What follows in this guide is developed from how Andrew and I made the pilgrimage together, through exchanging postcards. The context is a pilgrimage of a priest and parishioner inclusive of the centrality of the Eucharist. It is, however, written in the spirit of “that ‘spiritual ecumenism’ of which Unitatis redintegratio and the Directory on Ecumenism speak, and which should be constantly remembered by the faithful in their prayers, in the celebration of the Eucharist and in their daily lives.” [1]
The guide is intended to provide you with the information needed to be successful in your own proxy-by-postcard pilgrimage. There are basics, which may seem obvious, as well as lessons learned and mistakes to avoid.
Please feel encouraged to take and adapt the materials to your theological tenets, setting, and needs. It is, after all, a guide – not a rule book.
Introduction
The practice of proxy pilgrimage is nothing new. Professor Kerr Houston reports that proxy pilgrimages were well-known by the twelfth century. Furthermore, there was widespread use of proxy pilgrims by the fifteenth century, with some proxies making a career of the practice. [2] In the Middle Ages there was also the growth of the “spiritual pilgrimage” that “created the possibility of seeking an entirely stationary way of traveling to holy places. Such armchair pilgrimages required no physical exercise but could spiritually be just as effective.” [3]

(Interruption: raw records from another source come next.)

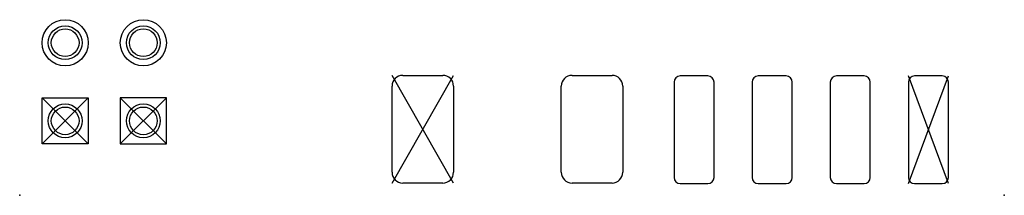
# Model space of a CAD drawing. Header units: millimetres. Extents: x 0 to 32, y 0 to 5.7.
import ezdxf

# ---------------------------------------------------------------- set-up
doc = ezdxf.new("R2010")
doc.units = ezdxf.units.MM
doc.header["$MEASUREMENT"] = 0
doc.layers.add('CAN_adapter_v1.0 v6_Sketch1', color=7, linetype='Continuous')

msp = doc.modelspace()

# ---------------------------------------------------------------- linework, layer by layer
at = {"layer": 'CAN_adapter_v1.0 v6_Sketch1'}
for p, q in [((12.1, 0.4), (14.1, 3.9)), ((14.1, 0.4), (12.1, 3.9)), ((12.45, 3.9), (13.75, 3.9)), ((17.95, 3.9), (19.25, 3.9)), ((22.365, 3.88), (21.465, 3.88)), ((24.905, 3.88), (24.005, 3.88)), ((27.445, 3.88), (26.545, 3.88)), ((28.885, 0.38), (30.185, 3.88)), ((30.185, 0.38), (28.885, 3.88)), ((29.985, 3.88), (29.085, 3.88)), ((12.1, 0.75), (12.1, 3.55)), ((14.1, 3.55), (14.1, 0.75)), ((17.6, 0.75), (17.6, 3.55)), ((19.6, 3.55), (19.6, 0.75)), ((21.265, 3.68), (21.265, 0.58)), ((22.565, 0.58), (22.565, 3.68)), ((23.805, 3.68), (23.805, 0.58)), ((25.105, 0.58), (25.105, 3.68)), ((26.345, 3.68), (26.345, 0.58)), ((27.645, 0.58), (27.645, 3.68)), ((28.885, 3.68), (28.885, 0.58)), ((30.185, 0.58), (30.185, 3.68)), ((0.728, 1.671), (0.728, 3.171)), ((0.728, 3.171), (2.228, 3.171)), ((2.228, 1.671), (0.728, 3.171)), ((0.728, 1.671), (2.228, 3.171)), ((2.228, 3.171), (2.228, 1.671)), ((4.768, 3.171), (3.268, 3.171)), ((3.268, 1.671), (4.768, 3.171)), ((4.768, 1.671), (3.268, 3.171)), ((3.268, 3.171), (3.268, 1.671)), ((4.768, 1.671), (4.768, 3.171)), ((2.228, 1.671), (0.728, 1.671)), ((3.268, 1.671), (4.768, 1.671)), ((13.75, 0.4), (12.45, 0.4)), ((19.25, 0.4), (17.95, 0.4)), ((21.465, 0.38), (22.365, 0.38)), ((24.005, 0.38), (24.905, 0.38)), ((26.545, 0.38), (27.445, 0.38)), ((29.085, 0.38), (29.985, 0.38))]:
    msp.add_line(p, q, dxfattribs=at)
for centre, radius in [((1.478, 4.961), 0.75), ((1.478, 4.961), 0.55), ((4.018, 4.961), 0.75), ((4.018, 4.961), 0.55), ((1.478, 4.961), 0.45), ((4.018, 4.961), 0.45), ((1.478, 2.421), 0.55), ((4.018, 2.421), 0.55), ((1.478, 2.421), 0.45), ((4.018, 2.421), 0.45)]:
    msp.add_circle(centre, radius, dxfattribs=at)
for centre, radius, start, end in [((12.45, 3.55), 0.35, 90, 180), ((13.75, 3.55), 0.35, 0, 90), ((17.95, 3.55), 0.35, 90, 180), ((19.25, 3.55), 0.35, 0, 90), ((21.465, 3.68), 0.2, 90, 180), ((22.365, 3.68), 0.2, 0, 90), ((24.005, 3.68), 0.2, 90, 180), ((24.905, 3.68), 0.2, 0, 90), ((26.545, 3.68), 0.2, 90, 180), ((27.445, 3.68), 0.2, 0, 90), ((29.085, 3.68), 0.2, 90, 180), ((29.985, 3.68), 0.2, 0, 90), ((12.45, 0.75), 0.35, 180, 270), ((13.75, 0.75), 0.35, 270, 0), ((17.95, 0.75), 0.35, 180, 270), ((19.25, 0.75), 0.35, 270, 0), ((21.465, 0.58), 0.2, 180, 270), ((22.365, 0.58), 0.2, 270, 0), ((24.005, 0.58), 0.2, 180, 270), ((24.905, 0.58), 0.2, 270, 0), ((26.545, 0.58), 0.2, 180, 270), ((27.445, 0.58), 0.2, 270, 0), ((29.085, 0.58), 0.2, 180, 270), ((29.985, 0.58), 0.2, 270, 0)]:
    msp.add_arc(centre, radius, start, end, dxfattribs=at)
for p in [(1.478, 2.421), (4.018, 2.421), (13.1, 2.15), (29.535, 2.13), (0, 0), (32, 0)]:
    msp.add_point(p, dxfattribs=at)

doc.saveas('drawing.dxf')
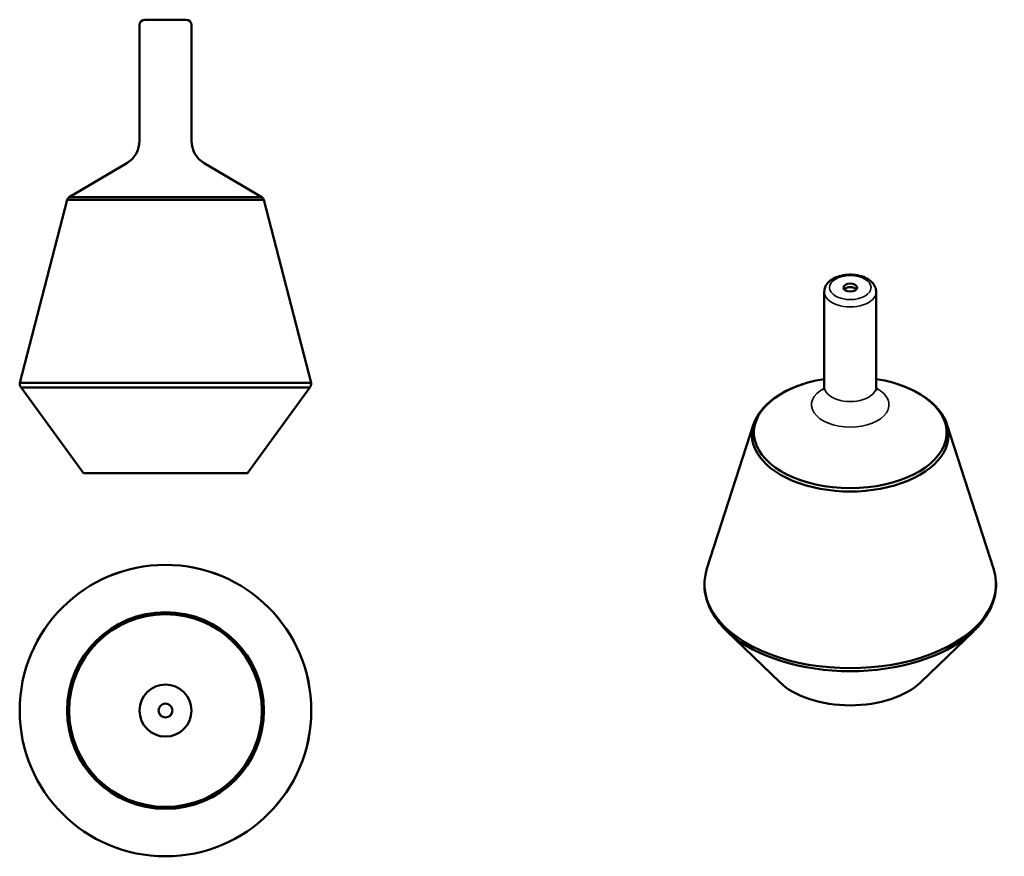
# Model space of a CAD drawing. Header units: millimetres. Extents: x 115 to 683, y 55 to 538.
import ezdxf

# ---------------------------------------------------------------- set-up
doc = ezdxf.new("R2010")
doc.units = ezdxf.units.MM
doc.header["$LTSCALE"] = 2
doc.layers.add('Visibile (ISO)', color=7, linetype='Continuous', lineweight=50)
doc.layers.add('Visibile sottile (ISO)', color=7, linetype='Continuous', lineweight=35)

msp = doc.modelspace()

# ---------------------------------------------------------------- linework, layer by layer
at = {"layer": 'Visibile (ISO)'}
for p, q in [((183.76, 468.5), (183.76, 535.5)), ((210.76, 538.5), (186.76, 538.5)), ((213.76, 468.5), (213.76, 535.5)), ((176.39, 455.58), (143.1, 435.94)), ((221.14, 455.58), (254.43, 435.94)), ((141.95, 434.41), (114.58, 328.77)), ((255.57, 434.41), (141.95, 434.41)), ((254.43, 435.94), (143.1, 435.94)), ((255.57, 434.41), (282.95, 328.77)), ((579.15, 326.59), (579.15, 381.29)), ((609.15, 326.59), (609.15, 381.29)), ((282.95, 328.77), (114.58, 328.77)), ((282.11, 326.07), (115.42, 326.07)), ((151.38, 276.49), (115.42, 326.07)), ((246.15, 276.49), (282.11, 326.07)), ((538.3, 304.77), (511.39, 221.41)), ((649.99, 304.77), (676.9, 221.41)), ((246.15, 276.49), (151.38, 276.49)), ((553.46, 155.78), (522.88, 185.34)), ((634.83, 155.78), (665.41, 185.34))]:
    msp.add_line(p, q, dxfattribs=at)
for radius in [84.19, 84.18, 56.81, 55.66, 15, 4]:
    msp.add_circle((198.76, 139.43), radius, dxfattribs=at)
for centre, radius, start, end in [((186.76, 535.5), 3, 90, 180), ((210.76, 535.5), 3, 0, 90), ((168.76, 468.5), 15, 300.5437, 0), ((228.76, 468.5), 15, 180, 239.4563), ((145.63, 432.84), 4, 129.1915, 156.8258), ((251.9, 432.84), 4, 23.1742, 50.8085), ((118.57, 328.53), 4, 176.5012, 217.8618), ((278.95, 328.53), 4, 322.1382, 3.4988)]:
    msp.add_arc(centre, radius, start, end, dxfattribs=at)
msp.add_ellipse((594.15, 383.74), major_axis=(-4, 0), ratio=0.57735, dxfattribs=at)
for centre, major_axis, start_param, end_param in [((594.15, 381.7), (-4, 0), 3.599355, 5.825423), ((594.15, 300), (-55.66, 0), 4.985253, 10.722711), ((594.15, 298.76), (-56.81, 0), 5.975673, 9.732291), ((594.15, 212.5), (-84.18, 0), 6.098928, 9.609036), ((594.15, 210.3), (83.35, 0), 3.723611, 5.701167), ((594.15, 169.81), (47.39, 0), 3.680048, 5.74473)]:
    msp.add_ellipse(centre, major_axis=major_axis, ratio=0.57735, start_param=start_param, end_param=end_param, dxfattribs=at)
for points, knots in [([(609.15, 381.29), (609.15, 382.25), (608.94, 383.21), (608.17, 385.05), (607.58, 385.91), (605.99, 387.59), (604.95, 388.35), (602.49, 389.68), (601.05, 390.22), (598.02, 390.96), (596.42, 391.17), (593.21, 391.26), (591.61, 391.14), (588.51, 390.59), (587.02, 390.15), (584.28, 388.94), (583.04, 388.17), (581.01, 386.33), (580.21, 385.27), (579.34, 383.18), (579.15, 382.24), (579.15, 381.29)], [5.497787, 5.497787, 5.497787, 5.497787, 5.735326, 5.735326, 5.996861, 5.996861, 6.315174, 6.315174, 6.668321, 6.668321, 7.020509, 7.020509, 7.369211, 7.369211, 7.719975, 7.719975, 8.074662, 8.074662, 8.404898, 8.404898, 8.63938, 8.63938, 8.63938, 8.63938]), ([(566.43, 327.87), (564.02, 327.07), (561.71, 326.17), (557.31, 324.16), (555.22, 323.05), (551.32, 320.65), (549.51, 319.36), (546.21, 316.59), (544.71, 315.12), (542.07, 312.02), (540.94, 310.39), (540, 308.69)], [1.3065198, 1.3065198, 1.3065198, 1.3065198, 1.4549522, 1.4549522, 1.6033846, 1.6033846, 1.7518169, 1.7518169, 1.9002493, 1.9002493, 2.0486817, 2.0486817, 2.0486817, 2.0486817]), ([(578.62, 324.47), (578.62, 324.47), (578.62, 324.48), (578.68, 324.56), (578.88, 324.91), (579.09, 325.79), (579.15, 326.19), (579.15, 326.59)], [8.2344701, 8.2344701, 8.2344701, 8.2344701, 8.2711506, 8.2711506, 8.5005859, 8.5005859, 8.6393798, 8.6393798, 8.6393798, 8.6393798]), ([(609.15, 326.59), (609.15, 325.79), (609.38, 325.03), (609.62, 324.54), (609.68, 324.47), (609.68, 324.47)], [5.4977871, 5.4977871, 5.4977871, 5.4977871, 5.7749153, 5.7749153, 5.9026968, 5.9026968, 5.9026968, 5.9026968]), ([(648.29, 308.69), (647.36, 310.39), (646.22, 312.02), (643.58, 315.12), (642.09, 316.59), (638.78, 319.36), (636.97, 320.65), (633.07, 323.05), (630.99, 324.16), (626.58, 326.17), (624.27, 327.07), (621.86, 327.87)], [5.8052999, 5.8052999, 5.8052999, 5.8052999, 5.9537323, 5.9537323, 6.1021647, 6.1021647, 6.2505971, 6.2505971, 6.3990295, 6.3990295, 6.5474618, 6.5474618, 6.5474618, 6.5474618]), ([(510.04, 214.6), (509.88, 212.39), (509.95, 210.16), (510.58, 205.75), (511.13, 203.57), (512.68, 199.29), (513.69, 197.2), (516.11, 193.14), (517.53, 191.17), (520.75, 187.39), (522.55, 185.58), (524.52, 183.85)], [2.3129478, 2.3129478, 2.3129478, 2.3129478, 2.4380009, 2.4380009, 2.5630539, 2.5630539, 2.6881069, 2.6881069, 2.81316, 2.81316, 2.938213, 2.938213, 2.938213, 2.938213]), ([(663.77, 183.85), (665.74, 185.58), (667.54, 187.39), (670.76, 191.17), (672.18, 193.14), (674.6, 197.2), (675.61, 199.29), (677.16, 203.57), (677.71, 205.75), (678.34, 210.16), (678.42, 212.39), (678.25, 214.6)], [4.9157686, 4.9157686, 4.9157686, 4.9157686, 5.0408217, 5.0408217, 5.1658747, 5.1658747, 5.2909277, 5.2909277, 5.4159808, 5.4159808, 5.5410338, 5.5410338, 5.5410338, 5.5410338])]:
    msp.add_open_spline(points, degree=3, knots=knots, dxfattribs=at)
at = {"layer": 'Visibile sottile (ISO)'}
msp.add_ellipse((594.15, 383.74), major_axis=(12, 0), ratio=0.57735, dxfattribs=at)
for centre, major_axis, start_param, end_param in [((594.15, 381.29), (-15, 0), 0, 3.141593), ((594.15, 316.04), (-22.38, 0), 5.453446, 10.254517), ((594.15, 326.59), (-15, 0), 0, 3.141593)]:
    msp.add_ellipse(centre, major_axis=major_axis, ratio=0.57735, start_param=start_param, end_param=end_param, dxfattribs=at)

doc.saveas('drawing.dxf')

Likewise, the Stations of the Cross, already in widespread use within Jerusalem by the early thirteenth-century, became a localized form of pilgrimage, a proxy of place, in home communities when freedom of travel to the Holy Land was restricted by the Crusades and later the closure of national boundaries during the Reformation. [4] In these proxy pilgrimages, by a proxy of person or by a proxy of place, the person benefitting from the proxy is capable of finding his or her “own experiences—misunderstandings, physical pain, rejection, feelings of being abandoned, and life’s little deaths beyond counting—are spiritualized through their being melded with those of Jesus.” [5]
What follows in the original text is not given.